Data extracted from a collection
==*==
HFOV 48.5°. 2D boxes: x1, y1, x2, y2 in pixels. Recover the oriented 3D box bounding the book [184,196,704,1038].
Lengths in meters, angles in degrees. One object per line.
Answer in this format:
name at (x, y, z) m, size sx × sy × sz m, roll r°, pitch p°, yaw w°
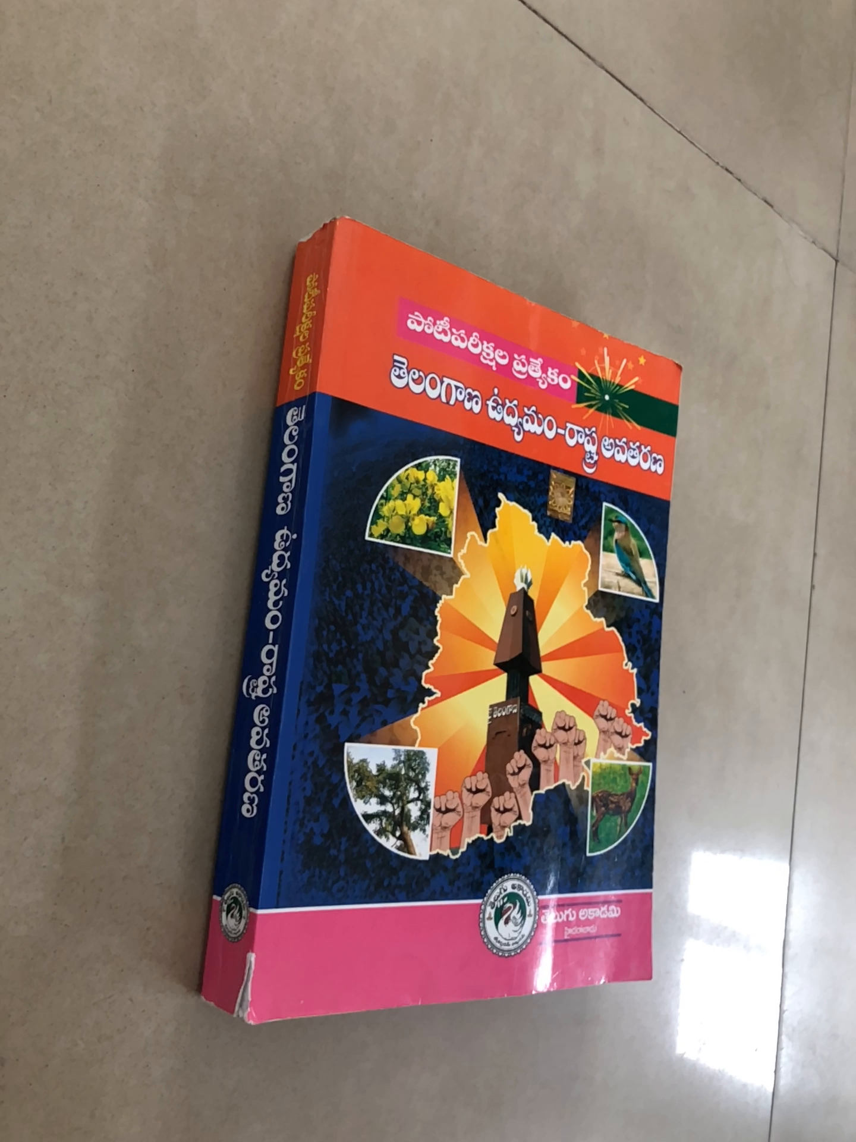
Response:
book at (0.024, 0.022, 0.370) m, size 0.202 × 0.040 × 0.265 m, roll 11°, pitch 78°, yaw -35°
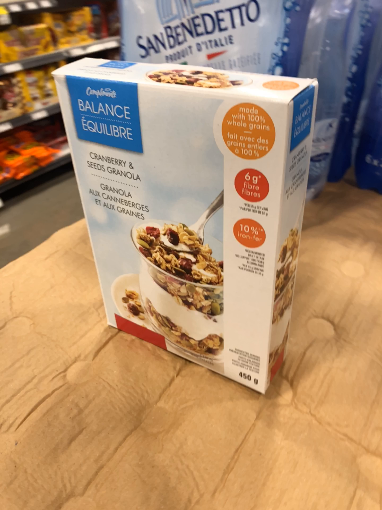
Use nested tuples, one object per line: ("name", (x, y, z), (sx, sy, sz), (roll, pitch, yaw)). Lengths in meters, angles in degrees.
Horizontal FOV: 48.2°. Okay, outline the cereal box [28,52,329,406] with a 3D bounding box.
("cereal box", (-0.011, -0.017, 0.317), (0.180, 0.229, 0.050), (18, 40, 27))
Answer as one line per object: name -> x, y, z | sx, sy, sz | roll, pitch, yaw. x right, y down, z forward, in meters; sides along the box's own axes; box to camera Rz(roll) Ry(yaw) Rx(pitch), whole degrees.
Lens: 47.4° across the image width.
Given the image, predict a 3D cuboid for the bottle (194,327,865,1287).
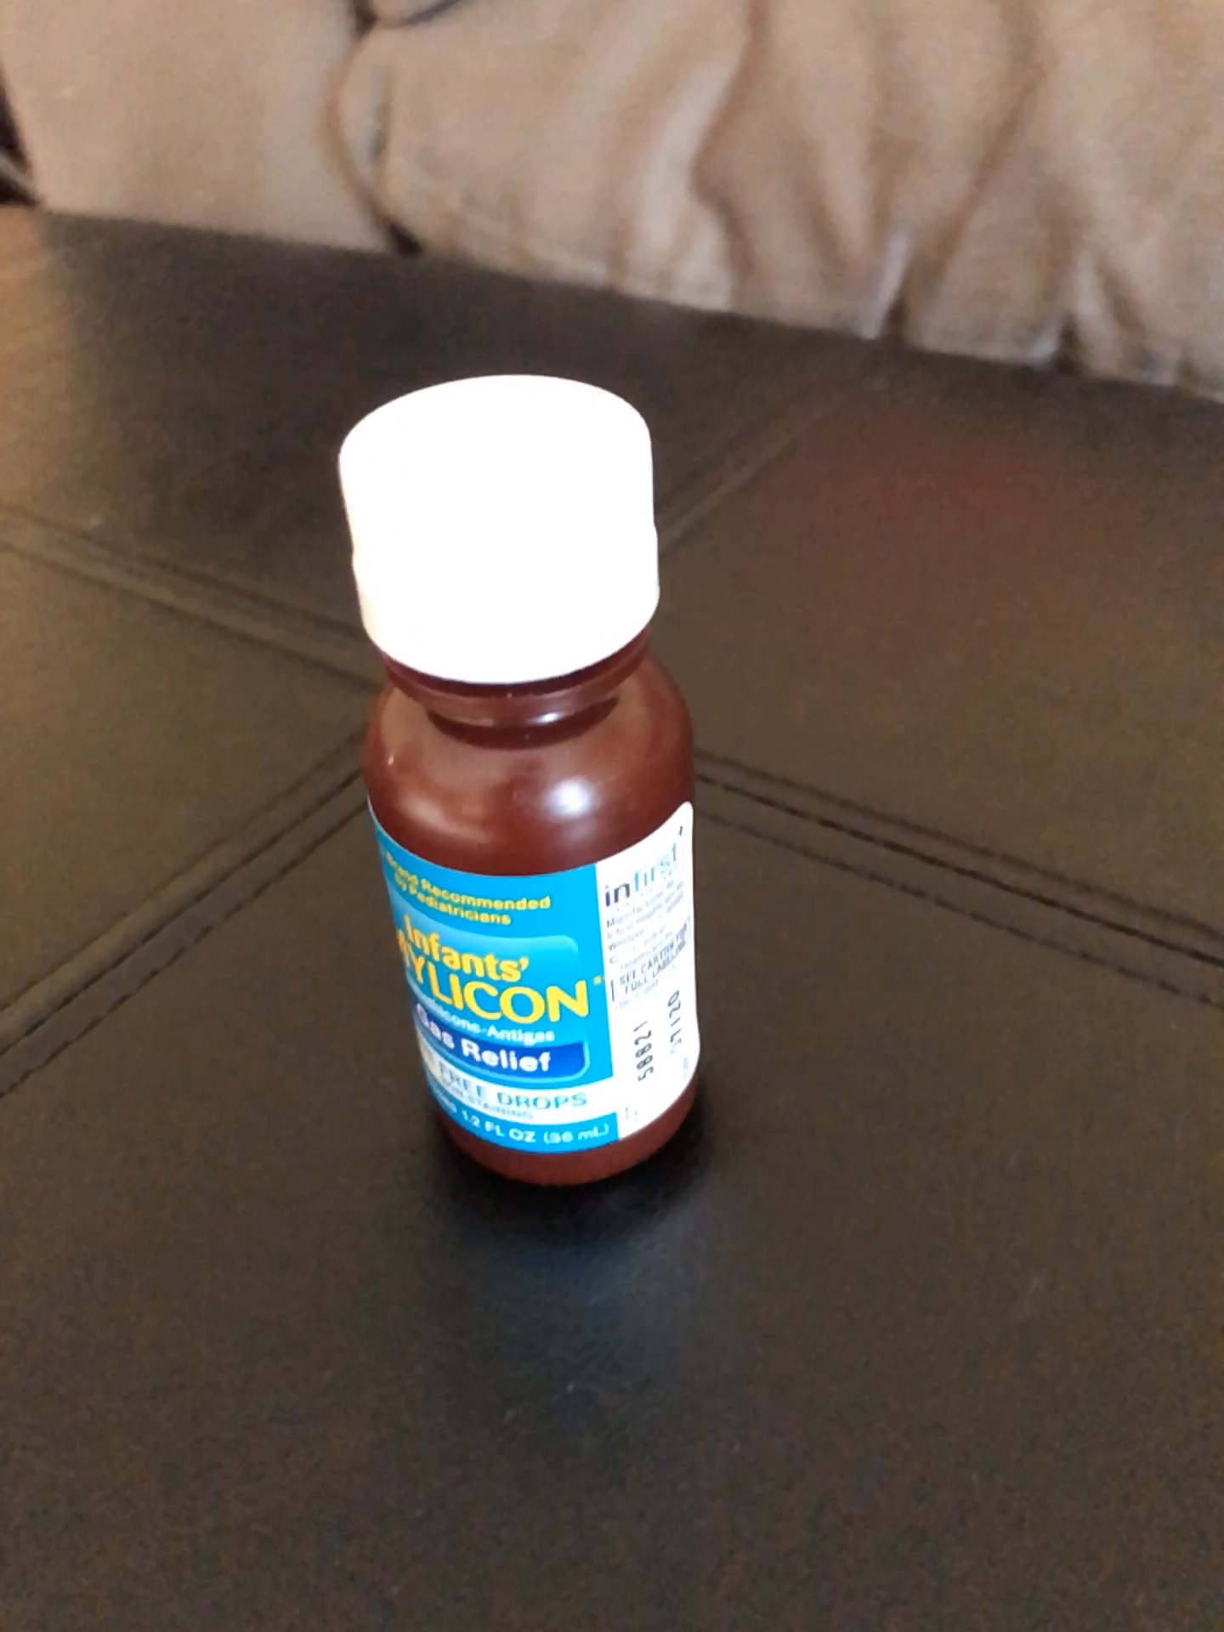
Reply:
bottle -> -0.002, 0.000, 0.138 | 0.040, 0.080, 0.040 | -3, 39, 3
==*==
## TO DO
You are asked to output the records precisely as they appear, minus any pictures.

## RESULT BELOW
HFOV 48.5°. 2D boxes: x1, y1, x2, y2 in pixels. Recover the oriented 3D box bounding the book [184,196,704,1038].
Lengths in meters, angles in degrees. One object per line.
Answer in this format:
name at (x, y, z) m, size sx × sy × sz m, roll r°, pitch p°, yaw w°
Response:
book at (0.024, 0.022, 0.370) m, size 0.202 × 0.040 × 0.265 m, roll 11°, pitch 78°, yaw -35°
Use nested tuples, one object per line: ("name", (x, y, z), (sx, sy, sz), (roll, pitch, yaw)). Lengths in meters, angles in degrees.
Horizontal FOV: 48.2°. Okay, outline the cereal box [28,52,329,406] with a 3D bounding box.
("cereal box", (-0.011, -0.017, 0.317), (0.180, 0.229, 0.050), (18, 40, 27))
Answer as one line per object: name -> x, y, z | sx, sy, sz | roll, pitch, yaw. x right, y down, z forward, in meters; sides along the box's own axes; box to camera Rz(roll) Ry(yaw) Rx(pitch), whole degrees.
Lens: 47.4° across the image width.
Given the image, predict a 3D cuboid for the bottle (194,327,865,1287).
Reply:
bottle -> -0.002, 0.000, 0.138 | 0.040, 0.080, 0.040 | -3, 39, 3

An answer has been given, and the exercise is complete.